— Она уже давно чувствует усталость. С тех пор, как родилась Тува. Сначала мы думали, что это обычная усталость, связанная с рождением ребенка. Но Туве уже скоро два, а Пие становится только хуже. А недавно она нащупала на шее узелки…
Анника прижала руку ко рту. Она внезапно поняла, что последует дальше.
— Пару недель назад я пошел с ней на осмотр и по глазам врача догадался, что дело плохо. Ее сразу направили на обследование в Уддевалу. Завтра врач должен сообщить ей результаты анализов, но мы уже знаем, что он скажет… — снова всхлипнул Мартин, утирая слезы.
Анника протянула ему салфетку:
— Поплачь, тебе станет легче.
— Это несправедливо. Пие только тридцать. Тува такая маленькая… Я посмотрел статистику, и она не обещает ничего хорошего. Пия храбрится, но мне страшно. Так страшно, что я не могу разговаривать с ней. Мне больно ее видеть, особенно с Тувой. Я не могу смотреть ей в глаза. Я чувствую себя беспомощным трусом.
Молин больше не мог сдерживаться. Закрыв лицо руками, он громко зарыдал.
Анника обняла его за плечи. Она ничего не говорила, только обнимала его и гладила по спине. Через какое-то время он повернулся к коллеге и тоже обнял ее. Анника начала убаюкивать гостя, как убаюкивала маленькую Лейю.
Им повезло с местами в кафе «Бругган». На веранде было полно народа, и все заказывали бутерброды с креветками. Место у ресторана было выигрышное — у самой площади Ингрид Бергман, — и столики можно было ставить на причале.
— Я думаю, мы купим дом, — сказала Ия.
Леон Кройц повернулся к жене:
— Десять миллионов так просто из кармана не достанешь.
— Разве я это утверждаю? — Она потянулась и поправила покрывало у мужа на коленях.
— Оставь это чертово одеяло, я и так вспотел, — буркнул тот.
— Тебе нельзя простужаться. Ты же знаешь.
Официантка подошла принять заказ. Ия попросила бокал вина себе и стакан минеральной воды для супруга. Леон поднял глаза на девушку.
— Большое пиво, — добавил он к заказу.
Ия бросила на него взволнованный взгляд, но он кивком подтвердил свой заказ. Как и все, кто его видел, она старалась не пялиться на его ожоги. Когда официантка удалилась, Кройц перевел взгляд на море.
— Пахнет точь-в-точь как раньше, — произнес он, опуская изуродованные шрамами руки на колени.
— Мне это не нравится, но я смирюсь, если мы купим хороший дом, — сказала Ия. — На хибару я не согласна. И нам достаточно будет проводить здесь пару недель каждое лето. Больше тут делать нечего.
— А тебе не кажется неразумным покупать дом за десять миллионов, если мы собираемся использовать его только пару недель?
— Это мое условие, — заявила она. — Или сиди тут один.
— Ты же знаешь, что один я совершенно беспомощен, о чем ты мне так охотно напоминаешь при первой возможности.

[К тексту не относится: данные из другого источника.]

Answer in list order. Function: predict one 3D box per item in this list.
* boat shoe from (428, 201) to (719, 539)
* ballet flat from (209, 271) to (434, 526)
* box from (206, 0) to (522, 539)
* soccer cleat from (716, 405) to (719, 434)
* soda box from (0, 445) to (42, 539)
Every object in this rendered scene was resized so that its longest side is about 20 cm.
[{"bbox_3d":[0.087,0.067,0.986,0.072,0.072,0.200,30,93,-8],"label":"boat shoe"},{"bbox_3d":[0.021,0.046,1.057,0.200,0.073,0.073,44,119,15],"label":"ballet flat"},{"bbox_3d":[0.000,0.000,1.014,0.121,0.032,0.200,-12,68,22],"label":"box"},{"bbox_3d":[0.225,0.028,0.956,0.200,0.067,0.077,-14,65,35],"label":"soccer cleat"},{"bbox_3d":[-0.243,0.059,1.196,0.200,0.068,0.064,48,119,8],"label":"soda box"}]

— А ты когда-нибудь думал о всех тех жертвах, на которые я пошла ради тебя? Мне пришлось терпеть все те глупости, которые ты вытворял, не задумываясь о моих чувствах. А теперь тебе приспичило сюда приехать. Мало тебе игр с огнем?
Официантка принесла напитки и поставила перед ними. Леон сделал несколько глотков и ласкающим жестом провел пальцами по холодному бокалу.

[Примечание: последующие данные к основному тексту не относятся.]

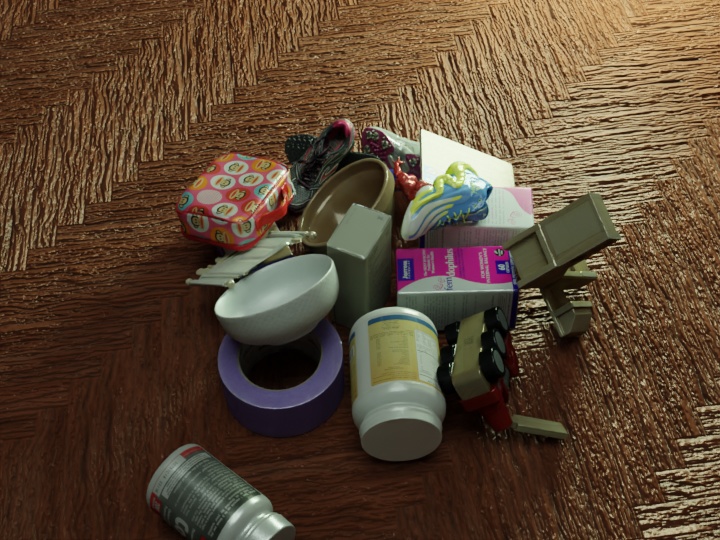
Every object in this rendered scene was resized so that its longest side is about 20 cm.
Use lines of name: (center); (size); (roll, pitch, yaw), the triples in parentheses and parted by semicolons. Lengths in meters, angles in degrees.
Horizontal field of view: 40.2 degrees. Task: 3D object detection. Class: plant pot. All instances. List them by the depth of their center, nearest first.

— Хорошо. Делаем, как скажешь. Позвони маклеру — скажи, что мы покупаем дом. Но я хочу переехать как можно раньше. Ненавижу отели.
— Все будет хорошо, — ответила Ия без особенной радости. — В новом доме я смогу выдержать пару недель в год.
— Какая самоотверженность, любимая.
Она послала ему злобный взгляд:
— Надеюсь, ты потом не передумаешь.
— Столько воды утекло под этими мостами… — протянул он.
И вдруг у них за спиной кто-то крикнул:
— Леон!
Ему не нужно было оборачиваться, чтобы посмотреть, кто это. Он по голосу узнал Йозефа Мейера. После стольких лет Йозеф снова был здесь.
Паула Моралес любовалась сверкающей водой фьорда и наслаждалась солнечным теплом. Накрыв живот ладонью, она улыбнулась, почувствовав, как брыкается внутри ребенок.
— Думаю, время поесть мороженого, — объявил Бертиль Мелльберг, вставая. Взглянув на Паулу, он предостерегающе поднял палец вверх. — Ты ведь в курсе, что нельзя выставлять живот на солнце?
Та удивленно проводила его взглядом.